1. Ques­tions pour ana­ly­ser les pré­sup­po­sés

  1. Sur quoi repose la digni­té de la vie humaine : sur l’utilité sociale, sur l’autonomie indi­vi­duelle, ou sur une valeur intrin­sèque de la per­sonne ?
  2. Le méde­cin est-il seule­ment un tech­ni­cien de la san­té ou un gar­dien de la vie humaine ?
  3. Si la méde­cine peut don­ner la mort (eutha­na­sie, sui­cide assis­té), reste-t-elle fidèle à sa voca­tion his­to­rique ?
  4. Le ser­ment d’Hippocrate exprime-t-il une simple tra­di­tion cultu­relle ou une forme de loi morale natu­relle ?
  5. Une socié­té peut-elle main­te­nir une éthique médi­cale stable si elle ne recon­naît plus la valeur objec­tive de la vie humaine ?

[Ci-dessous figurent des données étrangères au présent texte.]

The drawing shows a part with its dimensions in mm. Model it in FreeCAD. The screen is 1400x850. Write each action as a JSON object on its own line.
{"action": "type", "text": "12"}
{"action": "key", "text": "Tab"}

2. Lec­ture apo­lo­gé­tique

Le ser­ment d’Hippocrate témoigne d’une intui­tion morale pro­fon­dé­ment enra­ci­née dans la conscience humaine : la méde­cine existe pour pro­té­ger la vie et non pour la détruire. Cette intui­tion cor­res­pond à ce que la tra­di­tion chré­tienne appelle la loi natu­relle, c’est-à-dire une connais­sance morale ins­crite dans la créa­tion.

Même dans une civi­li­sa­tion païenne, la rai­son humaine peut recon­naître cer­taines normes fon­da­men­tales : ne pas tuer, agir pour le bien du patient, pro­té­ger le secret confié. La Bible éclaire et fonde ces intui­tions en révé­lant que la vie humaine pos­sède une valeur unique parce que l’homme est créé à l’image de Dieu.

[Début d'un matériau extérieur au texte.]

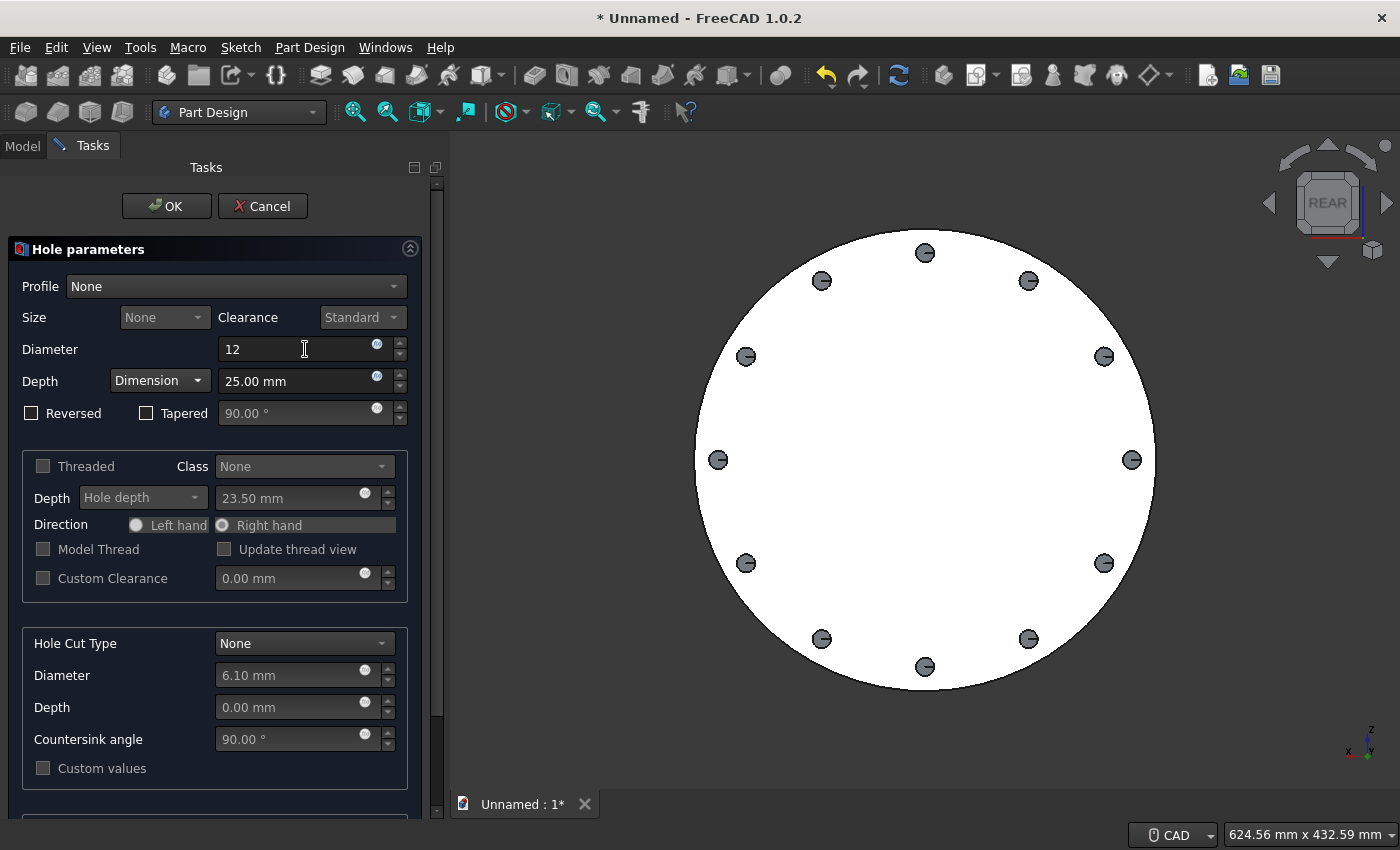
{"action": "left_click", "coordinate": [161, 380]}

Ain­si, l’éthique médi­cale clas­sique appa­raît comme un point de ren­contre entre la sagesse humaine et la révé­la­tion biblique.

3. Fon­de­ment biblique

Plu­sieurs textes bibliques éclairent direc­te­ment l’éthique du soin :

Genèse 1.27
« Dieu créa l’homme à son image ; il le créa à l’image de Dieu. »

Exode 20.13
« Tu ne tue­ras point. »

Luc 10.33–34 (para­bole du bon Sama­ri­tain)
« Un Sama­ri­tain… fut ému de com­pas­sion lorsqu’il le vit ; il s’approcha, ban­da ses plaies et y ver­sa de l’huile et du vin. »

Mat­thieu 25.36
« J’étais malade, et vous m’avez visi­té. »

Ces textes montrent que le soin des malades appar­tient à la res­pon­sa­bi­li­té morale du croyant.

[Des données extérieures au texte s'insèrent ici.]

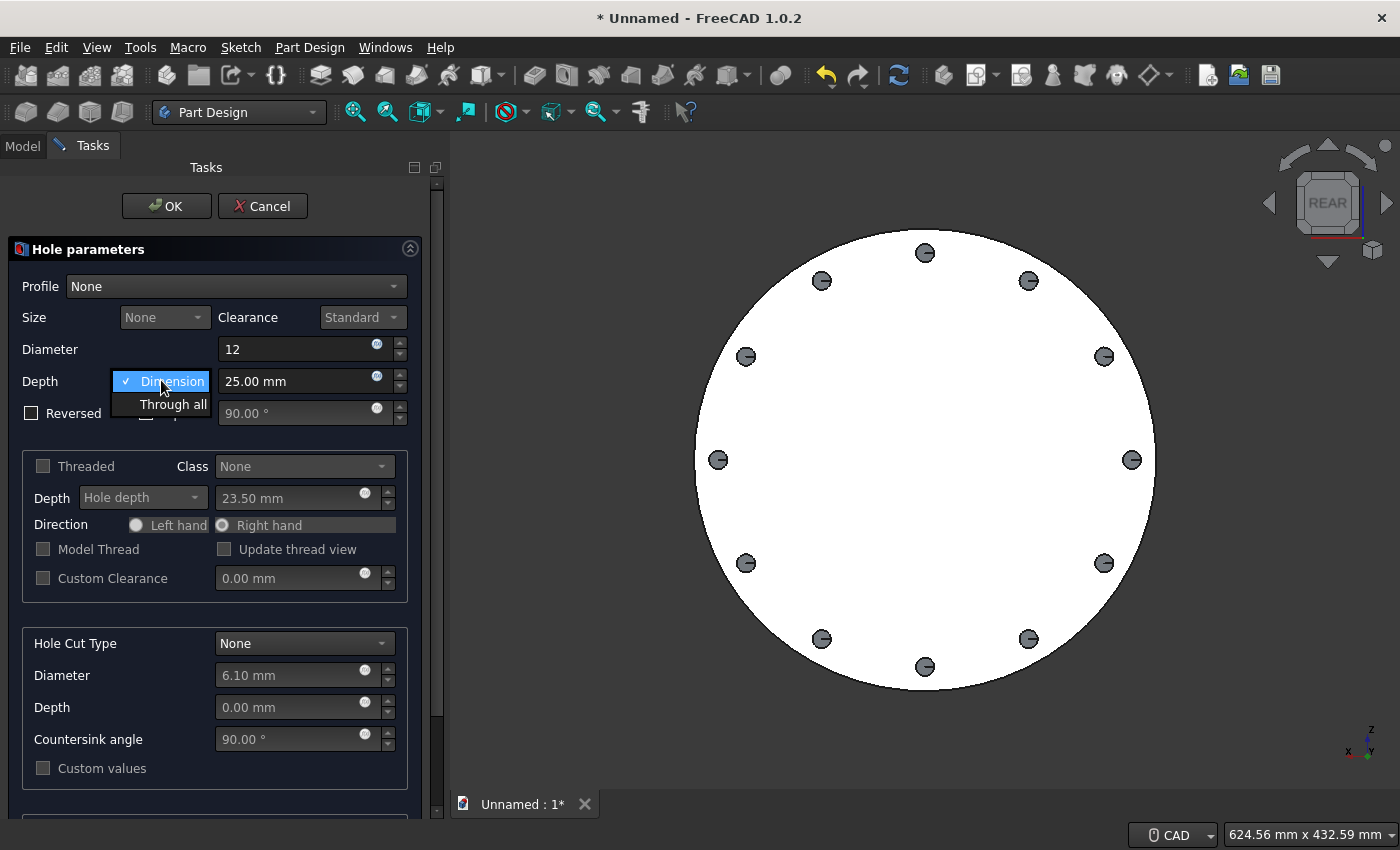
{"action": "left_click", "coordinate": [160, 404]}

4. Lien avec les confes­sions de foi réfor­mées

La tra­di­tion réfor­mée insiste sur plu­sieurs prin­cipes qui éclairent la voca­tion médi­cale.

Confes­sion de foi de La Rochelle (1559), article 9
Dieu gou­verne le monde par sa pro­vi­dence et uti­lise des moyens ordi­naires pour pré­ser­ver la vie humaine.

Caté­chisme de Hei­del­berg, ques­tion 105
Le com­man­de­ment « Tu ne tue­ras point » ne signi­fie pas seule­ment l’interdiction de tuer, mais aus­si l’obligation de pro­té­ger et pré­ser­ver la vie du pro­chain.

Dans cette pers­pec­tive, la méde­cine fait par­tie des moyens ordi­naires par les­quels Dieu prend soin de la créa­tion.

5. Appli­ca­tions concrètes pour aujourd’hui

Pour un soi­gnant — et par­ti­cu­liè­re­ment pour un soi­gnant mili­taire — ces prin­cipes impliquent plu­sieurs res­pon­sa­bi­li­tés :

– pro­té­ger la vie humaine quelles que soient les cir­cons­tances
– soi­gner sans dis­cri­mi­na­tion ami ou enne­mi
– agir avec com­pé­tence et conscience pro­fes­sion­nelle
– res­pec­ter la digni­té du patient
– exer­cer la méde­cine comme un ser­vice ren­du au pro­chain.

Ain­si, la voca­tion médi­cale peut être com­prise comme une forme par­ti­cu­lière d’obéissance au com­man­de­ment de l’amour du pro­chain.